**What is needed:** Write out the lines starting at the one that holds "[0:00.0-0:03.0]" and ending with the final line of the data, exactly and with no others.

**Material for the task:**
● ● ● ● ● ● ●

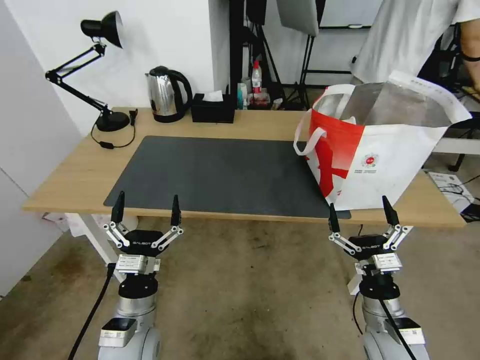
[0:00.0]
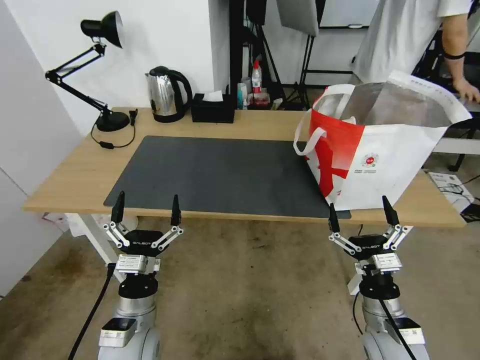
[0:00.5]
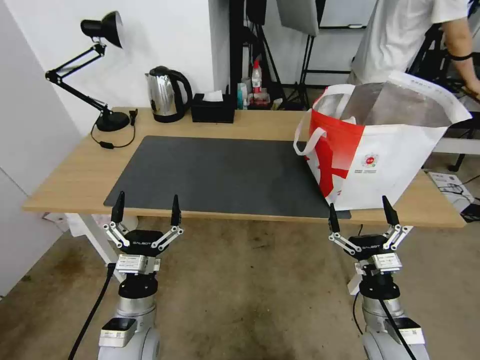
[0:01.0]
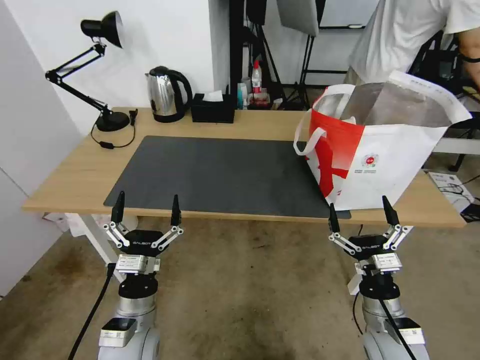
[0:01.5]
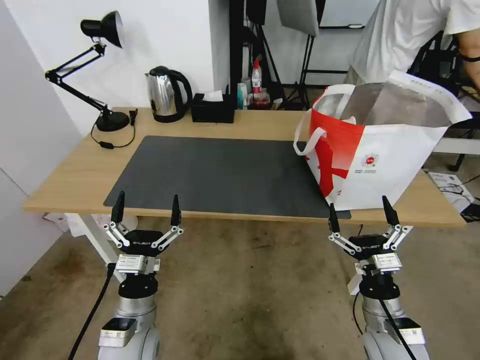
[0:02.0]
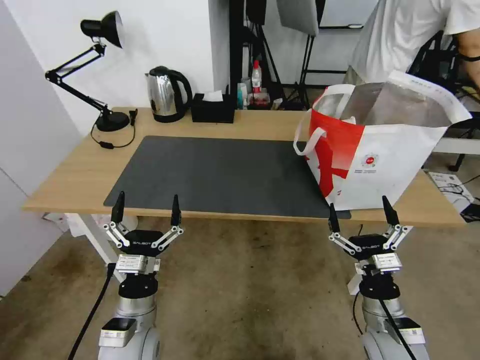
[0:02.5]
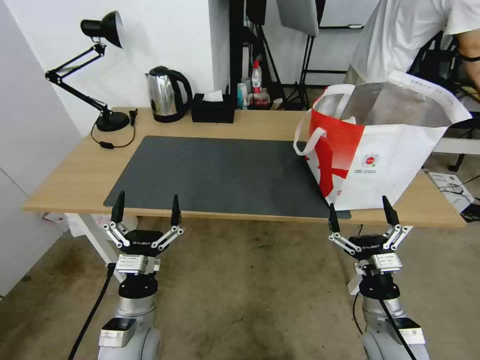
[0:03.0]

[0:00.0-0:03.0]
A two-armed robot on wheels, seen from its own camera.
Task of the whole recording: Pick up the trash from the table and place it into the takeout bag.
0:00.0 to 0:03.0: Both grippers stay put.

● ● ● ● ● ● ●

**Answer section:**
[0:00.0-0:03.0]
A two-armed robot on wheels, seen from its own camera.
Task of the whole recording: Pick up the trash from the table and place it into the takeout bag.
0:00.0 to 0:03.0: Both grippers stay put.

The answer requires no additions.